It is an enterntaining movie, but it is also hilariously anti-feminist
Meet the character of Sonya Blade: One of the three main characters of the movie and one of only two female characters in the entire movie.
She is strong, tough, righteous, and independent. She looks good, but it is clear that the way she looks is not a primary concern. She appears from the get-go as a feminist rolemodel if there ever was one.
We see Sonya Blade in exactly one fight; against Kano. Kano is not just one of the few non-overtly supernatural villians, he is also sterotypically masculine in a very crude way. Sonya beats him - in a perhaps a little too sexualized manner, but let us not get into that.
Then things start to turn silly for our strong female protagonist:
First, Sonya argues that it would be foolish to fight the four-armed monstrosity. They might get hurt. Instead, a man gets to do the job.
Then Sonya is taken hostage by Shang Tsung and is instantly reduced to a damsel in distress. She refuses to fight Shang Tsung, which is good as Rayden flat-out states that Sonya has no chance of winning. This leaves it to her two male counterparts to save her. When they find her, she has been dressed up as a modern Princess Leia sexy slavegirl, and gone is her ponytail.
It is hinted that the only reason that Sonya is even at the tournament is because Shang Tsung willed her to be because he finds her attractive. He is also responsible for her fighting Kano, and he explicitly wants Kano not to hurt her. It is clear that Shang Tsung wanted Sonya to win over Kano.

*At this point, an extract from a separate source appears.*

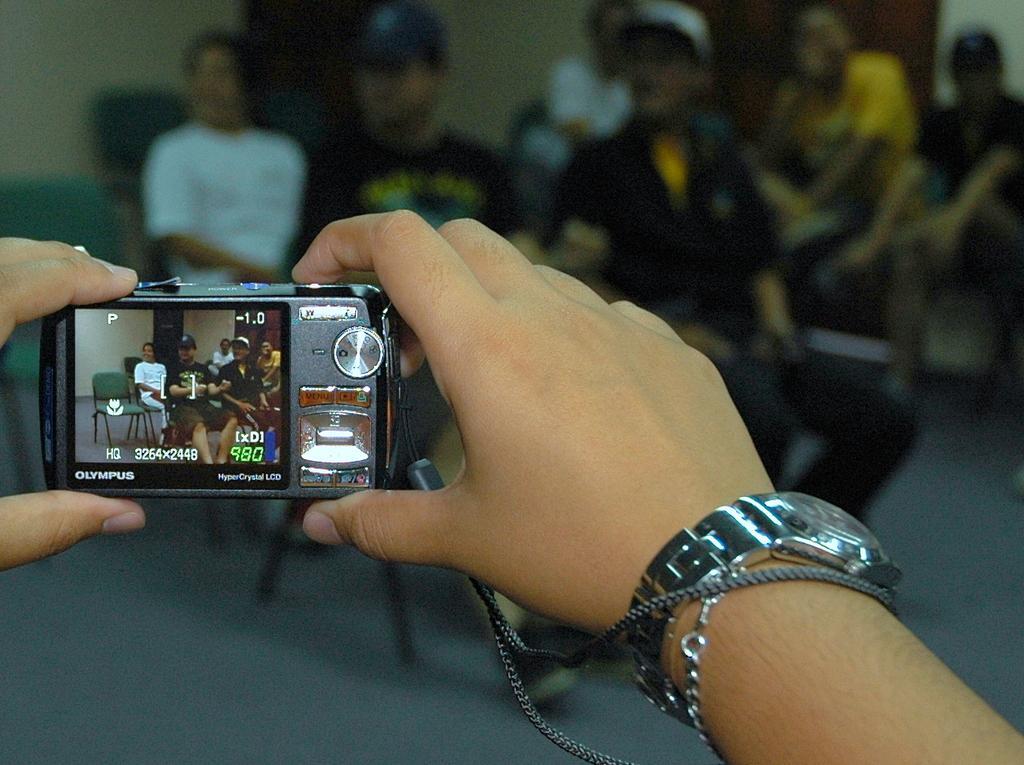Describe this image in one or two sentences. In this image I can see a hand of a person holding a camera. In the background I can see few more people sitting on chairs. 
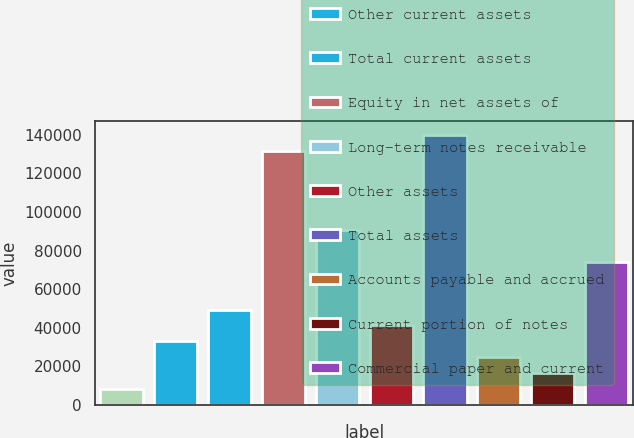<chart> <loc_0><loc_0><loc_500><loc_500><bar_chart><fcel>Cash and cash equivalents<fcel>Other current assets<fcel>Total current assets<fcel>Equity in net assets of<fcel>Long-term notes receivable<fcel>Other assets<fcel>Total assets<fcel>Accounts payable and accrued<fcel>Current portion of notes<fcel>Commercial paper and current<nl><fcel>8237.2<fcel>32918.8<fcel>49373.2<fcel>131645<fcel>90509.2<fcel>41146<fcel>139872<fcel>24691.6<fcel>16464.4<fcel>74054.8<nl></chart> 
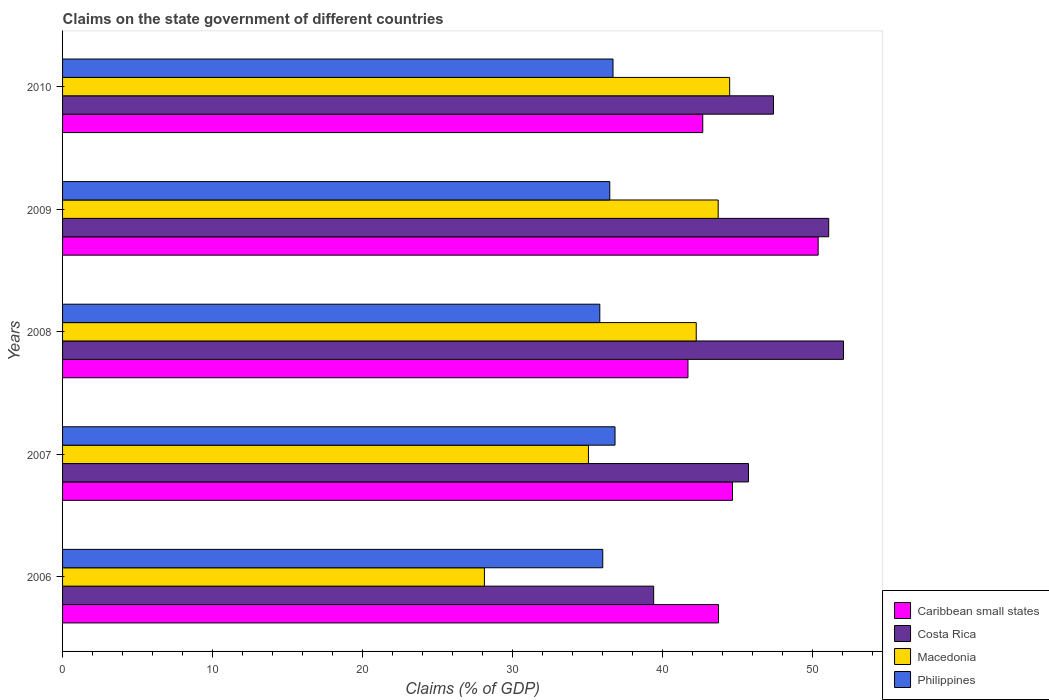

Basically, the apparently strong and independent woman was not strong or significant enough to get into the tournament on her own, but since Shang Tsung wanted a bride, he manipulated events so that she would (paying Kano to be there, luring Sonya in, and then sacrificing Kano whom he knew to be inferior to Sonya - but not without making sure that he would not actually hurt her).
Sonya is rescued by the men, and peace is restored. In the final scene her slavegirl outfit has been replaced with something more modest, but the hair is still feminine and sexy (in a 1995 way).